Defunct provincial electoral district
- Legislature: Legislative Assembly of Ontario
- District created: 2004
- District abolished: 2018
- First contested: 2007
- Last contested: 2016

Demographics
- Population (2006): 111,024
- Electors (2007): 80,444
- Area (km²): 1,080
- Census division(s): Hamilton, Niagara
- Census subdivision(s): Hamilton, Grimsby, Pelham, West Lincoln, Lincoln

= Niagara West—Glanbrook (provincial electoral district) =

Former provincial electoral district in Ontario, Canada

Niagara West—Glanbrook was a provincial electoral district in south eastern Ontario, Canada between 2007 and 2018. It elected one member to the Legislative Assembly of Ontario.
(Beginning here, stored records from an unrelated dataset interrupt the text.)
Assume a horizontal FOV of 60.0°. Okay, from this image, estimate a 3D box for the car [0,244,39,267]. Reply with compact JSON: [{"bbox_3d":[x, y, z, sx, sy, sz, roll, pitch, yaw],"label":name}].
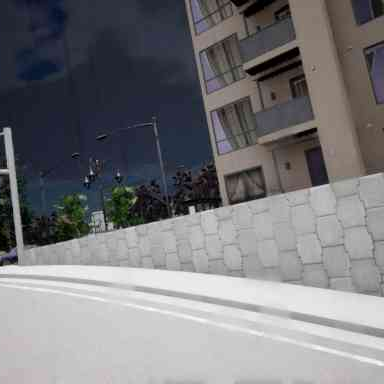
[{"bbox_3d":[-15.559,5.659,29.609,2.097,1.767,4.553,-15,-9,35],"label":"car"}]
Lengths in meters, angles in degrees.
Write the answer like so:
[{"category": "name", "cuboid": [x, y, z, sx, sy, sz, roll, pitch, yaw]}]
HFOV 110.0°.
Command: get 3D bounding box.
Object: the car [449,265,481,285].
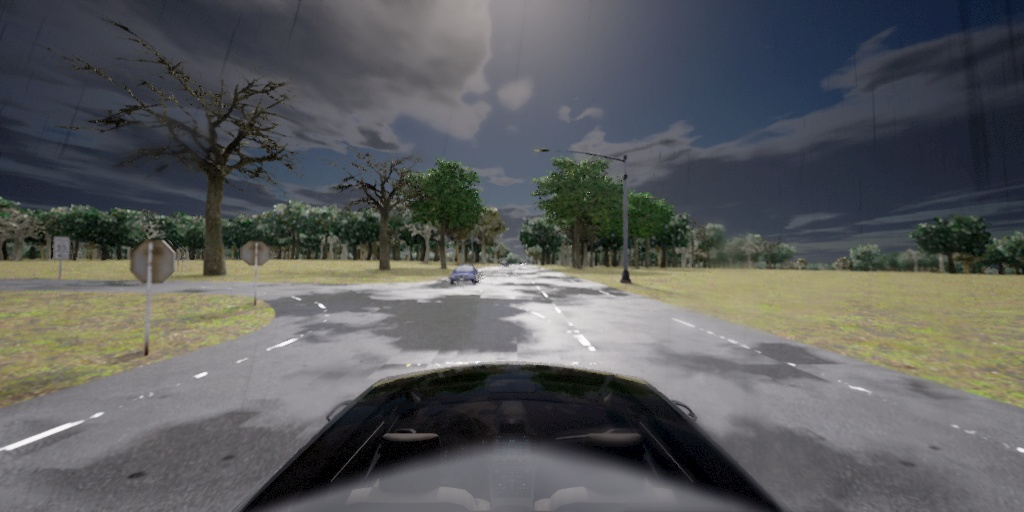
[{"category": "car", "cuboid": [-3.533, 1.399, 27.436, 1.812, 1.442, 4.674, 0, -1, 0]}]
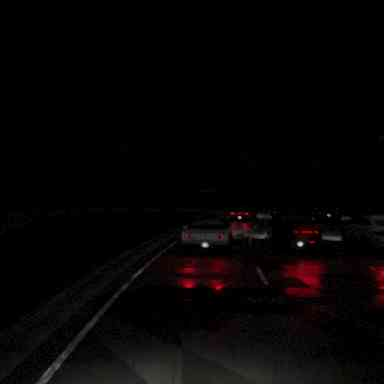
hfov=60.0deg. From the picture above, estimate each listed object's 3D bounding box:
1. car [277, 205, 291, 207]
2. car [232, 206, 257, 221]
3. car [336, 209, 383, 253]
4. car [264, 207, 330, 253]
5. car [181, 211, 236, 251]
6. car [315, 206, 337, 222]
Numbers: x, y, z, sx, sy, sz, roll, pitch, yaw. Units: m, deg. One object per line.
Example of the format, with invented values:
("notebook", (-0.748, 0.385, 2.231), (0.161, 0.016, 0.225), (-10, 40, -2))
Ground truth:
("car", (8.102, 1.845, 29.324), (1.994, 1.385, 4.181), (0, -1, 17))
("car", (4.753, 1.891, 30.288), (1.895, 1.301, 4.718), (0, -1, 18))
("car", (7.808, 1.661, 14.070), (1.812, 1.442, 4.674), (0, 0, 9))
("car", (4.331, 1.647, 14.506), (1.837, 1.490, 4.892), (0, 0, 9))
("car", (0.830, 1.743, 14.834), (1.895, 1.301, 4.718), (0, -1, 9))
("car", (11.397, 1.834, 28.144), (1.994, 1.385, 4.181), (0, -1, 17))
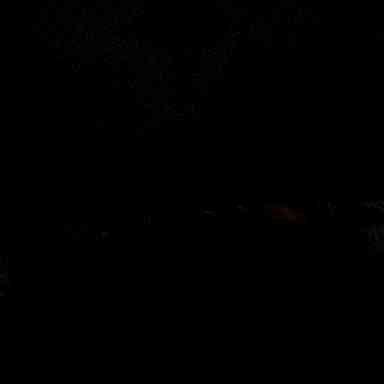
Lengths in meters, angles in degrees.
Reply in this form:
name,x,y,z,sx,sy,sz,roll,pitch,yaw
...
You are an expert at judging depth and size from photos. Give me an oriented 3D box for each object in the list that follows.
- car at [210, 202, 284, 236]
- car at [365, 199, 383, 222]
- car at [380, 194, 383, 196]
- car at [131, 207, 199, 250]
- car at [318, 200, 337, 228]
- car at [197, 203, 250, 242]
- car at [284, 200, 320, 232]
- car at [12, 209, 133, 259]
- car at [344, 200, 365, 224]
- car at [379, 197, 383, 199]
name,x,y,z,sx,sy,sz,roll,pitch,yaw
car,2.255,1.336,18.024,4.553,1.767,2.185,-1,-1,33
car,11.630,1.456,25.274,4.674,1.452,2.002,-1,0,32
car,18.552,1.256,30.858,4.553,1.767,2.185,-1,0,31
car,-2.429,1.513,14.436,4.792,1.488,2.163,-1,-1,34
car,7.000,1.312,21.594,4.553,1.767,2.185,-1,0,32
car,-0.080,1.472,16.213,5.008,1.535,2.097,-1,0,33
car,4.475,1.450,19.897,5.366,1.575,1.946,-1,0,33
car,-4.875,1.526,12.709,4.792,1.488,2.163,-1,0,34
car,9.310,1.467,23.433,4.674,1.452,2.002,-1,0,32
car,14.098,1.398,27.038,5.366,1.575,1.946,-1,-1,31
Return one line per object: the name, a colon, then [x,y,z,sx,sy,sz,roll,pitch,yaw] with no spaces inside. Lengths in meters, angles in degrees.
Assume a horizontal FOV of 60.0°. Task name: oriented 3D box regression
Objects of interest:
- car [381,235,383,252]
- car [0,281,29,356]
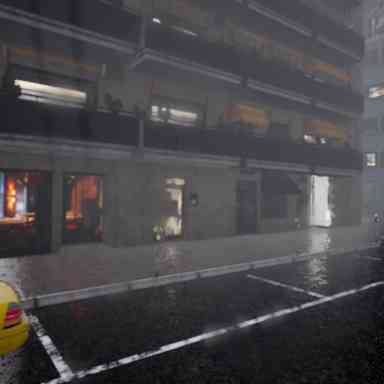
car: [9.228,1.719,13.135,4.313,1.339,1.947,1,0,-36]
car: [-4.397,1.508,3.412,4.829,1.417,1.752,1,0,-36]
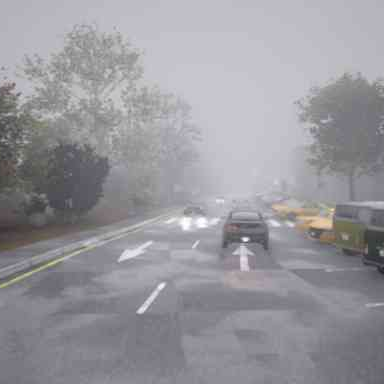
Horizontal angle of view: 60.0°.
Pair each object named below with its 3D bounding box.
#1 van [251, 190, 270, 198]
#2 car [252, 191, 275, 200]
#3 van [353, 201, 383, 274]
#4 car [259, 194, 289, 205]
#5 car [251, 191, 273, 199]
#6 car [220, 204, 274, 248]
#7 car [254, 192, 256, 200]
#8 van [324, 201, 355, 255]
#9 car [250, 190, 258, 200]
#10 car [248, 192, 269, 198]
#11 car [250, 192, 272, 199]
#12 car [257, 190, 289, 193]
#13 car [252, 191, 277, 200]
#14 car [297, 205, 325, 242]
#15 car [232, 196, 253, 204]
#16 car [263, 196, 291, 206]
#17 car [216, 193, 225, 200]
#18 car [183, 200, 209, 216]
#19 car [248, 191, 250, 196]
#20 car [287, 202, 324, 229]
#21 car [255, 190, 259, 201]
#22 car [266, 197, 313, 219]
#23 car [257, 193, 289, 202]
[{"bbox_3d":[17.771,0.586,86.081,4.442,1.987,1.878,1,0,-12],"label":"van"},{"bbox_3d":[15.931,0.788,74.157,4.553,1.767,2.185,1,0,-12],"label":"car"},{"bbox_3d":[6.931,1.331,8.791,4.442,1.987,1.878,1,0,-13],"label":"van"},{"bbox_3d":[11.283,1.304,41.470,4.674,1.452,2.002,1,1,-12],"label":"car"},{"bbox_3d":[16.845,0.737,80.105,4.553,1.767,2.185,1,1,-12],"label":"car"},{"bbox_3d":[2.342,1.521,14.873,1.837,1.490,4.892,1,0,8],"label":"car"},{"bbox_3d":[12.972,1.165,53.359,4.674,1.452,2.002,1,1,-12],"label":"car"},{"bbox_3d":[7.321,1.333,11.766,4.442,1.987,1.878,1,0,-13],"label":"van"},{"bbox_3d":[13.391,0.841,56.304,5.566,2.045,2.435,1,1,-12],"label":"car"},{"bbox_3d":[18.305,0.751,91.965,5.366,1.575,1.946,1,1,-12],"label":"car"},{"bbox_3d":[17.225,0.835,83.085,5.008,1.535,2.097,1,0,-12],"label":"car"},{"bbox_3d":[12.160,1.068,47.415,4.553,1.767,2.185,1,1,-12],"label":"car"},{"bbox_3d":[15.505,0.816,71.186,4.553,1.767,2.185,1,0,-12],"label":"car"},{"bbox_3d":[7.598,1.558,14.703,5.008,1.535,2.097,1,1,-12],"label":"car"},{"bbox_3d":[5.189,1.405,35.520,1.895,1.301,4.718,1,1,8],"label":"car"},{"bbox_3d":[9.435,1.405,29.546,5.366,1.575,1.946,1,1,-12],"label":"car"},{"bbox_3d":[6.147,0.882,71.601,2.128,1.511,4.902,1,1,8],"label":"car"},{"bbox_3d":[0.413,1.429,30.609,1.895,1.301,4.718,1,1,8],"label":"car"},{"bbox_3d":[14.661,0.748,65.231,5.566,2.045,2.435,1,1,-12],"label":"car"},{"bbox_3d":[8.165,1.553,17.722,5.366,1.575,1.946,1,0,-12],"label":"car"},{"bbox_3d":[12.585,1.033,50.386,4.553,1.767,2.185,1,1,-12],"label":"car"},{"bbox_3d":[9.024,1.442,26.573,5.366,1.575,1.946,1,1,-12],"label":"car"},{"bbox_3d":[11.674,1.256,44.436,4.792,1.488,2.163,1,1,-12],"label":"car"}]
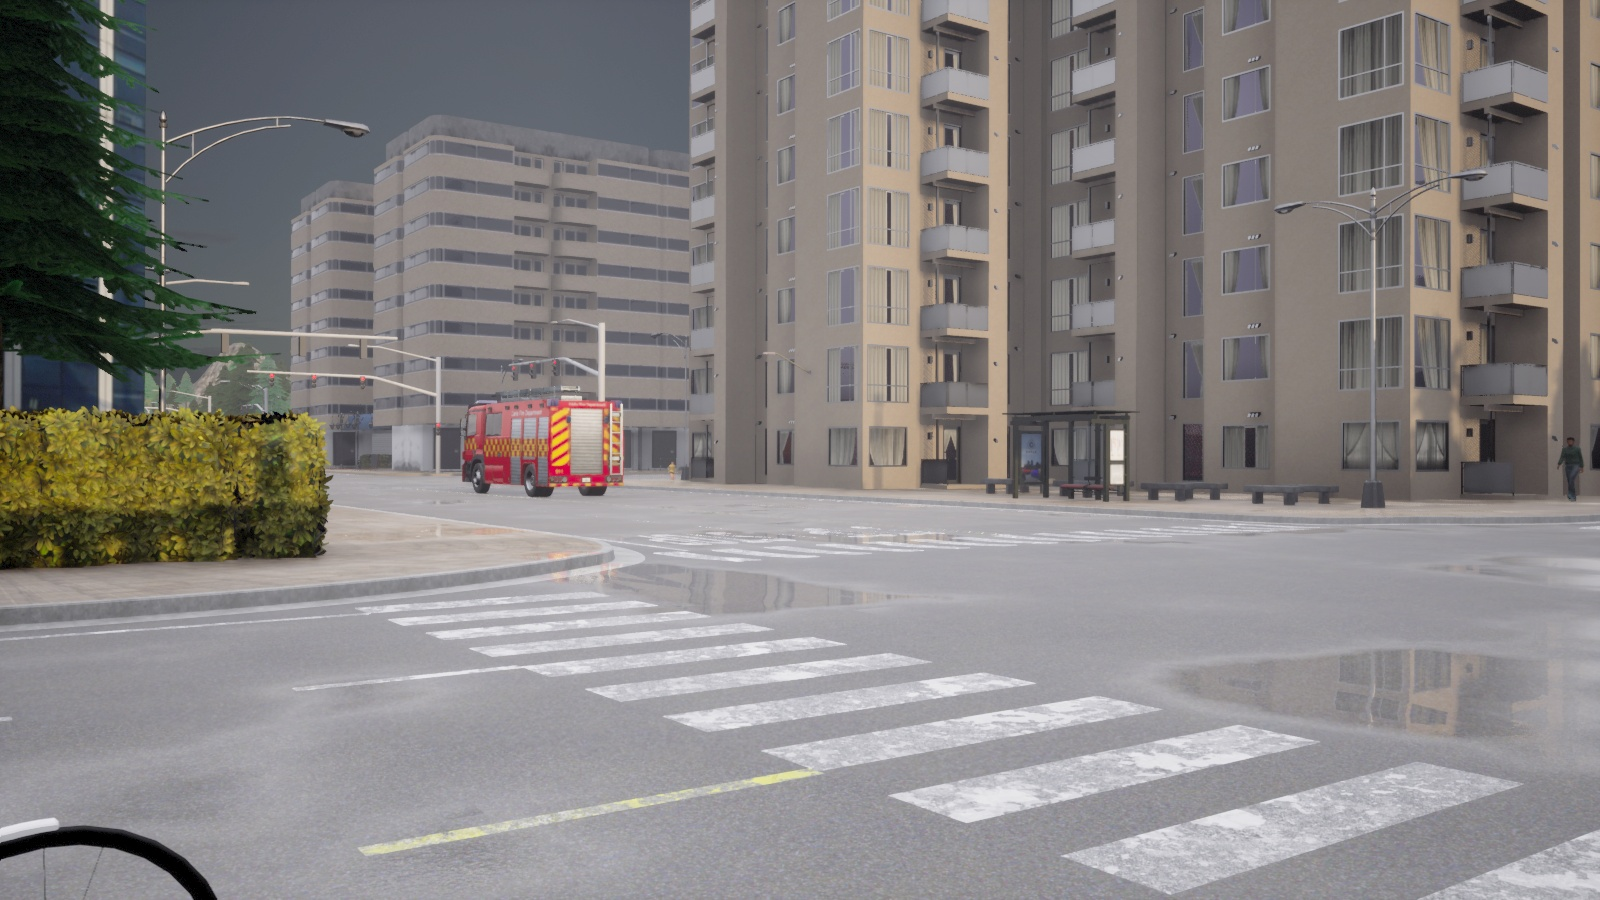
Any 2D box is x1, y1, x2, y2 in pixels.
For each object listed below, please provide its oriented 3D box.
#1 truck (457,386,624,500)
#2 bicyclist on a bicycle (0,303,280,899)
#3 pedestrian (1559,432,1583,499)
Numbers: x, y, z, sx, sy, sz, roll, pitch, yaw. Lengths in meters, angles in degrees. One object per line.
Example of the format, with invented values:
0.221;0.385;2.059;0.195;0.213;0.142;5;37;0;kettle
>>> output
-9.774;-0.230;46.430;2.891;3.827;8.468;0;0;-35;truck
-1.997;0.625;2.282;1.843;1.776;0.659;0;0;-35;bicyclist on a bicycle
21.562;0.439;35.097;0.614;1.847;0.353;0;0;-36;pedestrian
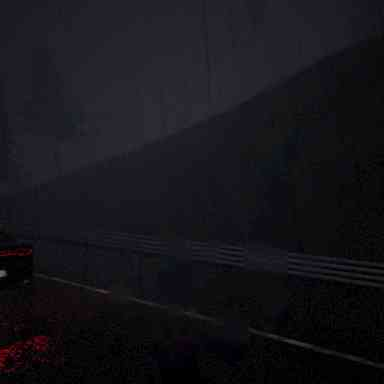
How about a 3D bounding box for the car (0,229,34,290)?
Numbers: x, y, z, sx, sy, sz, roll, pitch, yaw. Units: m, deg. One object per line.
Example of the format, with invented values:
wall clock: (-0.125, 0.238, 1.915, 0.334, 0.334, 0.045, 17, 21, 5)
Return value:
car: (-5.784, 1.407, 7.797, 5.008, 1.535, 1.882, 1, 0, 33)
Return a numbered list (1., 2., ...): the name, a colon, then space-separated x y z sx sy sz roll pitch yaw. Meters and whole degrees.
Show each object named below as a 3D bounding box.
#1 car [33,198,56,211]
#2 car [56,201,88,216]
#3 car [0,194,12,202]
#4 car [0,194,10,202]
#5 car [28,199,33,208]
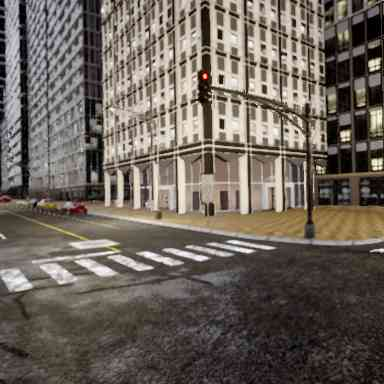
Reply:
1. car: -17.721 1.474 40.619 1.752 1.417 4.829 0 0 -36
2. car: -11.127 1.517 31.410 1.802 1.307 4.206 0 0 -36
3. car: -40.355 1.539 72.219 1.887 1.381 4.507 0 0 -36
4. car: -43.602 1.316 76.755 2.192 1.841 5.009 0 0 -36
5. car: -20.870 1.521 45.014 1.947 1.339 4.313 0 0 -36
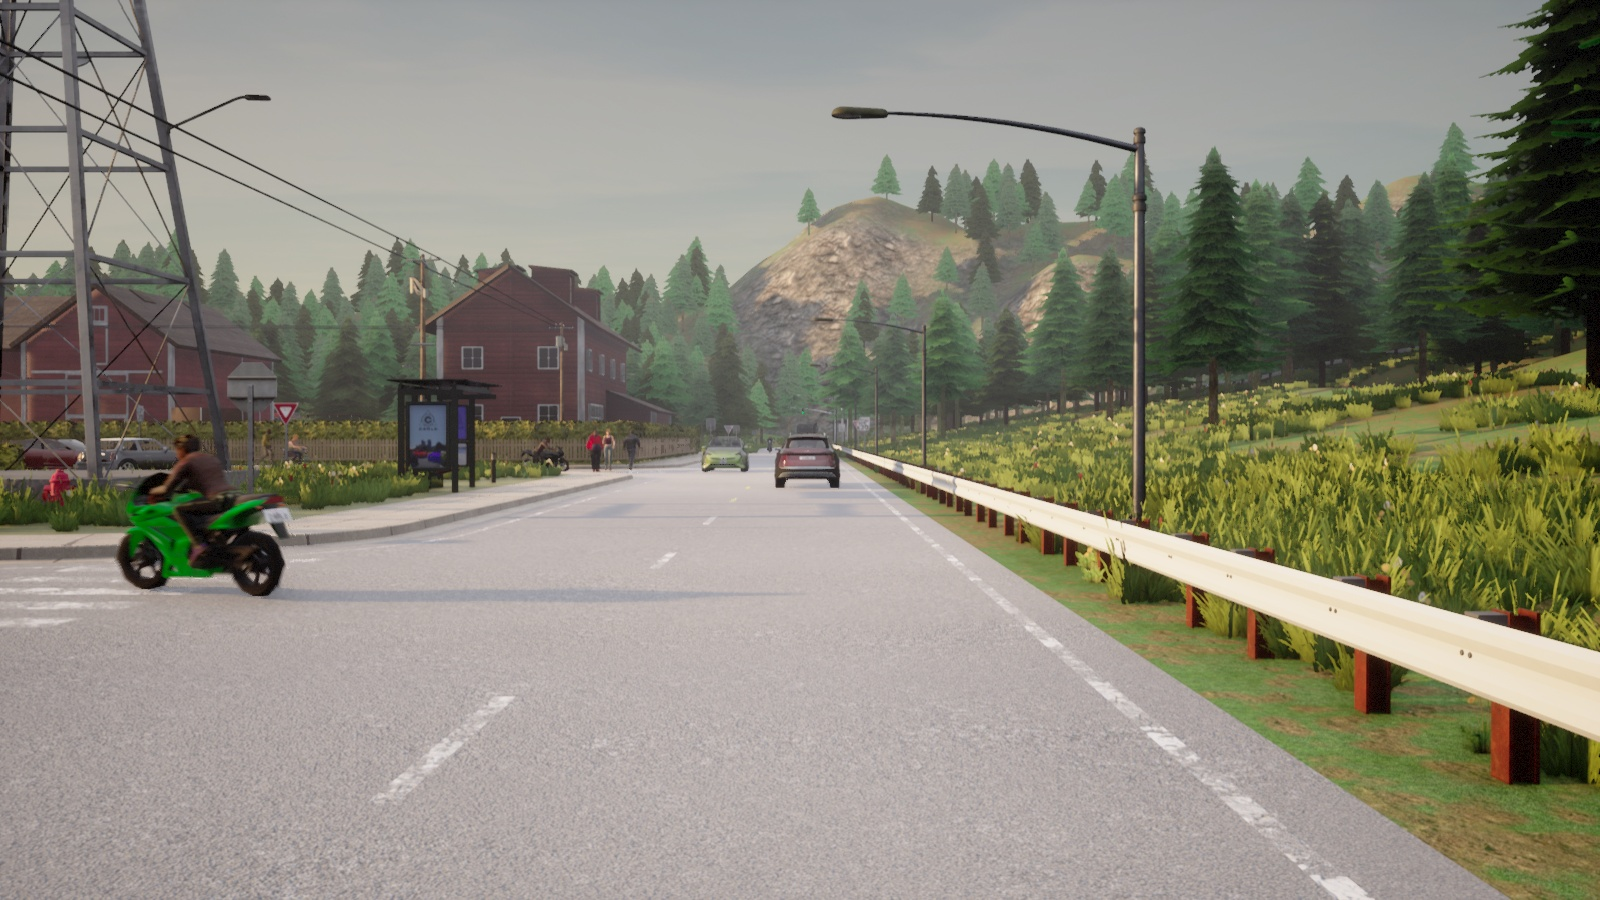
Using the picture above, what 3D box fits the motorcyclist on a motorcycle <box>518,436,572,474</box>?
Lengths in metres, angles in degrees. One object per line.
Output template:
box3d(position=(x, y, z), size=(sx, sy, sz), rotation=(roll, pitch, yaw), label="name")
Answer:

The riding, which was first contested in the 2007 provincial election, consisted of the municipalities of Grimsby, Pelham, West Lincoln, Lincoln and that part of Hamilton east of Glancaster Road and south of the transmission line south of Rymal Road south of the former city of Hamilton, and also south of the Niagara Escarpment east of the former city.

52.5% of the riding came from Stoney Creek, 31.5% came from Erie—Lincoln, 15.6% came from Niagara Centre and 0.2% came from Hamilton Mountain.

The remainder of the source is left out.